Мы с багажом и скрипичным футляром прибыли в полдень. Я слегка нервничала. С одной стороны, я столько времени избегала людей, поэтому у меня не было уверенности, что я справлюсь с таким их количеством вокруг, но с другой стороны — меня уже тошнило от одиночества. Бабушка пыталась настоять, чтобы я обязательно попила кофе с пирогом в гостиной, но, к счастью, вмешался дед и сказал, что я обязательно должна спуститься и первым делом познакомиться с лошадьми.
— Мистер Эд все еще у вас? — поинтересовалась я, закусывая губу от волнения. Если он сейчас мне ответит, что продал моего любимца, то я, наверное, разрыдаюсь как малое дитя, но он только улыбнулся и кивнул.
— И Гемп здесь, — сказал он. — Мы продали Амброзию и Демми, но Мистера Эда, Гемпа, Румбу и Поло оставили. Довольно, чтобы ты не скучала, а?
Я кивнула и неожиданно для себя поняла, что не могу дождаться, когда окажусь в конюшнях.
— Думаешь, Грэн не станет возражать, если я прокачусь сейчас на Эде? — спросила я.
— Конечно, нет, — ответил дедушка. — Погуляй с ним подольше, а мы подождем твоего возвращения за ужином.
Я была вся в нетерпении, поэтому не стала переодеваться, а только переобулась в сапоги для верховой езды и спустилась в конюшню.
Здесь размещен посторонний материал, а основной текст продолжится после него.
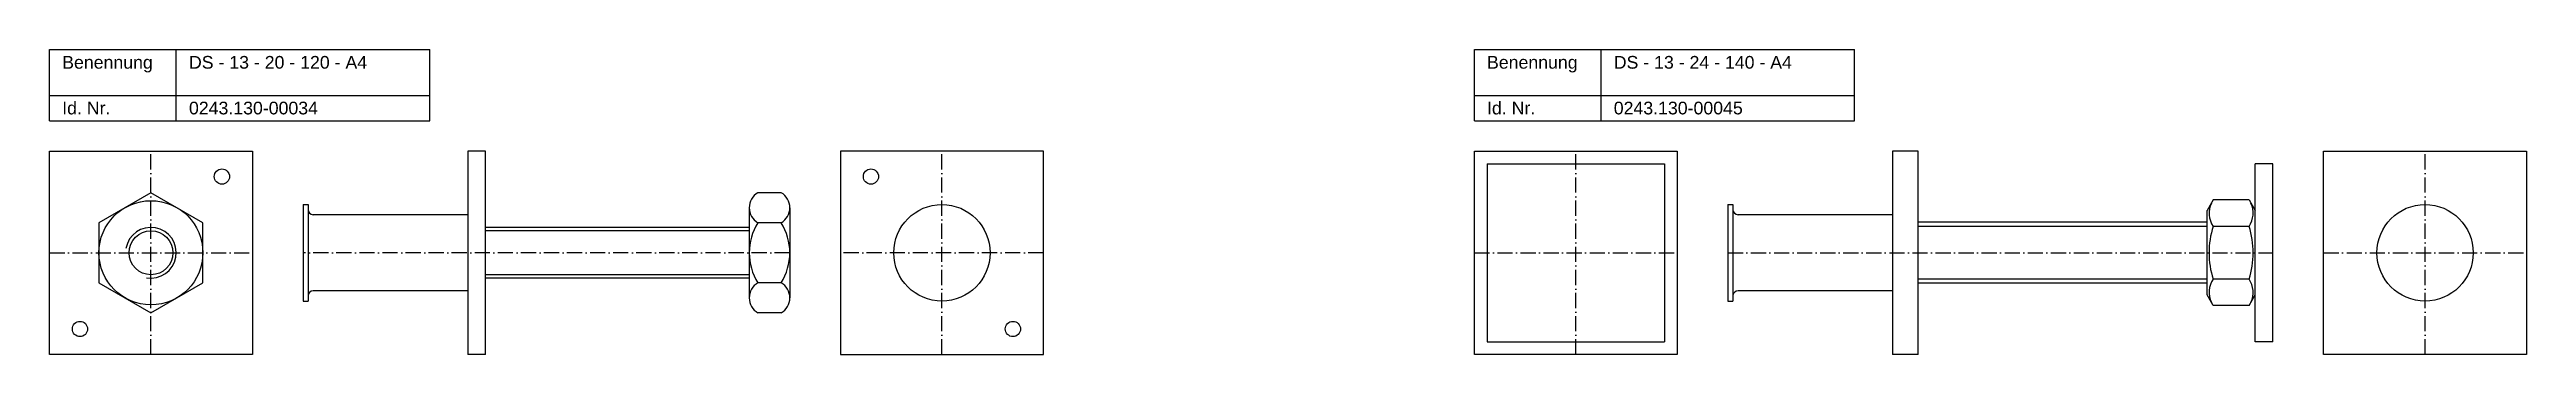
# Model space of a CAD drawing. Header units: millimetres. Extents: x 77 to 2545, y 1116 to 2936.
# Drawn here: x 1468 to 2445, y 2136 to 2256 of the extents above; entities that cross this region are included whole.
import ezdxf

# ---------------------------------------------------------------- set-up
doc = ezdxf.new("R2010")
doc.units = ezdxf.units.MM
doc.header["$LTSCALE"] = 0.5
doc.linetypes.add('achse', pattern=[18, 12, -3, 0, -3])
doc.layers.add('HALFEN', color=2, linetype='CONTINUOUS')
doc.styles.add('ARIAL50', font='ARIAL.TTF', dxfattribs={"height": 5})

msp = doc.modelspace()

# ---------------------------------------------------------------- linework, layer by layer
at = {"layer": 'HALFEN'}
for p, q in [((1468.25, 2256.25), (1618.25, 2256.25)), ((1468.25, 2228.25), (1468.25, 2256.25)), ((1518.25, 2228.25), (1518.25, 2256.25)), ((1618.25, 2228.25), (1618.25, 2256.25)), ((2030.25, 2256.25), (2180.25, 2256.25)), ((2030.25, 2228.25), (2030.25, 2256.25)), ((2080.25, 2228.25), (2080.25, 2256.25)), ((2180.25, 2228.25), (2180.25, 2256.25)), ((1468.25, 2238.25), (1618.25, 2238.25)), ((2030.25, 2238.25), (2180.25, 2238.25)), ((1468.25, 2228.25), (1618.25, 2228.25)), ((2030.25, 2228.25), (2180.25, 2228.25)), ((1468.25, 2216.25), (1548.25, 2216.25)), ((1468.25, 2136.25), (1468.25, 2216.25)), ((1548.25, 2216.25), (1548.25, 2136.25)), ((1633.25, 2216.25), (1633.25, 2136.25)), ((1640.25, 2216.25), (1633.25, 2216.25)), ((1640.25, 2136.25), (1640.25, 2216.25)), ((1860.25, 2216.25), (1780.25, 2216.25)), ((1780.25, 2216.25), (1780.25, 2136.25)), ((1860.25, 2136.25), (1860.25, 2216.25)), ((2030.25, 2216.25), (2110.25, 2216.25)), ((2030.25, 2136.25), (2030.25, 2216.25)), ((2035.25, 2211.25), (2105.25, 2211.25)), ((2035.25, 2211.25), (2035.25, 2141.25)), ((2105.25, 2211.25), (2105.25, 2141.25)), ((2110.25, 2216.25), (2110.25, 2136.25)), ((2195.25, 2216.25), (2195.25, 2136.25)), ((2205.25, 2216.25), (2195.25, 2216.25)), ((2205.25, 2136.25), (2205.25, 2216.25)), ((2338.25, 2141.25), (2338.25, 2211.25)), ((2345.25, 2211.25), (2338.25, 2211.25)), ((2345.25, 2141.25), (2345.25, 2211.25)), ((2365.25, 2216.25), (2445.25, 2216.25)), ((2365.25, 2136.25), (2365.25, 2216.25)), ((2445.25, 2216.25), (2445.25, 2136.25)), ((1756.83, 2199.92), (1747.67, 2199.92)), ((1568.25, 2195.25), (1570.25, 2195.25)), ((1568.25, 2195.25), (1568.25, 2157.25)), ((1570.25, 2195.25), (1570.25, 2157.25)), ((1633.25, 2191.25), (1572.25, 2191.25)), ((1744.25, 2194), (1744.25, 2158.5)), ((1760.25, 2194), (1760.25, 2158.5)), ((2130.25, 2195.25), (2132.25, 2195.25)), ((2130.25, 2195.25), (2130.25, 2157.25)), ((2132.25, 2195.25), (2132.25, 2157.25)), ((2195.25, 2191.25), (2134.25, 2191.25)), ((2321.67, 2197.04), (2319.25, 2192.85)), ((2319.25, 2159.65), (2319.25, 2192.85)), ((2335.83, 2197.04), (2321.67, 2197.04)), ((2335.83, 2197.04), (2338.25, 2192.85)), ((1744.25, 2186.25), (1640.25, 2186.25)), ((1744.25, 2184.9), (1640.25, 2184.9)), ((1756.83, 2188.09), (1747.67, 2188.09)), ((2319.25, 2188.25), (2205.25, 2188.25)), ((2319.25, 2186.63), (2205.25, 2186.63)), ((2335.83, 2186.64), (2321.67, 2186.64)), ((1633.25, 2161.25), (1572.25, 2161.25)), ((1744.25, 2167.6), (1640.25, 2167.6)), ((1744.25, 2166.25), (1640.25, 2166.25)), ((1756.83, 2164.41), (1747.67, 2164.41)), ((2195.25, 2161.25), (2134.25, 2161.25)), ((2319.25, 2165.87), (2205.25, 2165.87)), ((2319.25, 2164.25), (2205.25, 2164.25)), ((2321.67, 2155.46), (2319.25, 2159.65)), ((2335.83, 2165.86), (2321.67, 2165.86)), ((2335.83, 2155.46), (2338.25, 2159.65)), ((1568.25, 2157.25), (1570.25, 2157.25)), ((1756.83, 2152.58), (1747.67, 2152.58)), ((2130.25, 2157.25), (2132.25, 2157.25)), ((2335.83, 2155.46), (2321.67, 2155.46)), ((2035.25, 2141.25), (2105.25, 2141.25)), ((2345.25, 2141.25), (2338.25, 2141.25)), ((1548.25, 2136.25), (1468.25, 2136.25)), ((1640.25, 2136.25), (1633.25, 2136.25)), ((1780.25, 2136.25), (1860.25, 2136.25)), ((2110.25, 2136.25), (2030.25, 2136.25)), ((2205.25, 2136.25), (2195.25, 2136.25)), ((2445.25, 2136.25), (2365.25, 2136.25))]:
    msp.add_line(p, q, dxfattribs=at)
at = {"layer": 'HALFEN', "color": 1, "linetype": 'achse'}
for p, q in [((1508.25, 2136.25), (1508.25, 2216.25)), ((1820.25, 2136.25), (1820.25, 2216.25)), ((2070.25, 2136.25), (2070.25, 2216.25)), ((2405.25, 2136.25), (2405.25, 2216.25)), ((1468.25, 2176.25), (1548.25, 2176.25)), ((1760.25, 2176.25), (1568.25, 2176.25)), ((1860.25, 2176.25), (1780.25, 2176.25)), ((2030.25, 2176.25), (2110.25, 2176.25)), ((2130.25, 2176.25), (2345.25, 2176.25)), ((2365.25, 2176.25), (2445.25, 2176.25))]:
    msp.add_line(p, q, dxfattribs=at)
at = {"layer": 'HALFEN'}
msp.add_lwpolyline([(1487.75, 2164.41), (1508.25, 2152.58), (1528.75, 2164.41), (1528.75, 2188.09), (1508.25, 2199.92), (1487.75, 2188.09)], close=True, dxfattribs=at)
for centre, radius in [((1536.25, 2206.25), 3), ((1792.25, 2206.25), 3), ((1508.25, 2176.25), 20.5), ((1820.25, 2176.25), 19), ((2405.25, 2176.25), 19), ((1508.25, 2176.25), 8.65), ((1480.25, 2146.25), 3), ((1848.25, 2146.25), 3)]:
    msp.add_circle(centre, radius, dxfattribs=at)
for centre, radius, start, end in [((1751.08, 2194), 6.83, 120, 240), ((1753.42, 2194), 6.83, 300, 60), ((1572.25, 2193.25), 2, 180, 270), ((2134.25, 2193.25), 2, 180, 270), ((2329.25, 2191.84), 9.19, 154.43847, 214.43847), ((2328.25, 2191.84), 9.19, 325.56153, 25.56153), ((1766.46, 2176.25), 22.21, 147.79577, 212.20423), ((1738.04, 2176.25), 22.21, 327.79577, 32.20423), ((2354.4, 2176.25), 34.35, 162.38303, 197.61697), ((2303.1, 2176.25), 34.35, 342.38303, 17.61697), ((1572.25, 2159.25), 2, 90, 180), ((1751.08, 2158.5), 6.83, 120, 240), ((1753.42, 2158.5), 6.83, 300, 60), ((2134.25, 2159.25), 2, 90, 180), ((2329.25, 2160.66), 9.19, 145.56153, 205.56153), ((2328.25, 2160.66), 9.19, 334.43847, 34.43847)]:
    msp.add_arc(centre, radius, start, end, dxfattribs=at)
at = {"layer": 'HALFEN', "color": 1}
msp.add_arc((1508.25, 2176.25), 10, 260, 170, dxfattribs=at)

# ---------------------------------------------------------------- texts
at = {"layer": 'HALFEN', "style": 'ARIAL50'}
for s, p in [('Benennung', (1473.25, 2248.75)), ('DS - 13 - 20 - 120 - A4', (1523.25, 2248.75)), ('Benennung', (2035.25, 2248.75)), ('DS - 13 - 24 - 140 - A4', (2085.25, 2248.75)), ('Id. Nr.', (1473.25, 2230.75)), ('0243.130-00034', (1523.25, 2230.75)), ('Id. Nr.', (2035.25, 2230.75)), ('0243.130-00045', (2085.25, 2230.75))]:
    msp.add_text(s, height=5, dxfattribs=at).set_placement(p)

doc.saveas('drawing.dxf')

Когда я открыла дверь в сарай, то меня тут же оглушил знакомый аромат сена вперемешку с дегтярным мылом и характерным конским запахом, что мгновенно заставило меня почувствовать себя снова восьмилетней девочкой. И даже спустя столько лет, я так и не избавилась от привычки передвигаться как можно тише по конюшне, на случай, если мне вдруг снова привидится фея. Мне, наверное, тогда было не больше пяти лет, но я до сих пор помню все настолько ясно, будто это произошло вчера. В таком возрасте меня никуда не отпускали без присмотра, поэтому я была с дедом. Я стояла на специальной стремянке и помогала приводить лошадей в порядок. Спустя какое-то время он снял меня с помоста и отослал в стойло к Бесси, чтобы я забрала щетку, которую он там оставил. Я пошла, держась подальше от лошадиных копыт и поближе к стене, как меня учили.
Именно тогда-то я её и увидела. Она сидела на седле Бесси и, похоже, заплетала мелкие косички из гривы лошади. У меня отвисла челюсть и, замерев, как вкопанная, я просто пялилась на неё. Она не очень-то походила на тех фей, что я видела в книжках, с такими-то синими волосами холодного оттенка, ниспадающими вокруг эльфийского личика с совершенными чертами. Крылья у неё были прозрачными и нежными, будто сплетенными из паутинки, а бирюзовое платьице по подолу переходило в розовый цвет, из-под которого выглядывали босые ножки.
Я не шевелилась, едва смея дышать, мне не хотелось её спугнуть. Но как только она меня увидела — тут же подпрыгнула в воздух. Я не смогла удержаться и завизжала. От восторга. Тут в конюшню ворвался дедушка, подумавший, что со мной здесь что-то случилось. Я же тыкала пальцем в сторону стропил.
Она зависла там на добрую минуту и, казалось, сияла белым свечением, поэтому была хорошо заметна, так что помню, какое меня постигло разочарование, когда дед тупо уставился совершенно не в том направлении, спрашивая:
— Где? Я ничего не вижу.
— Да вон же! — выкрикнула я, дергая его за рукав и тыча в фею пальцем. — Вон! Она там!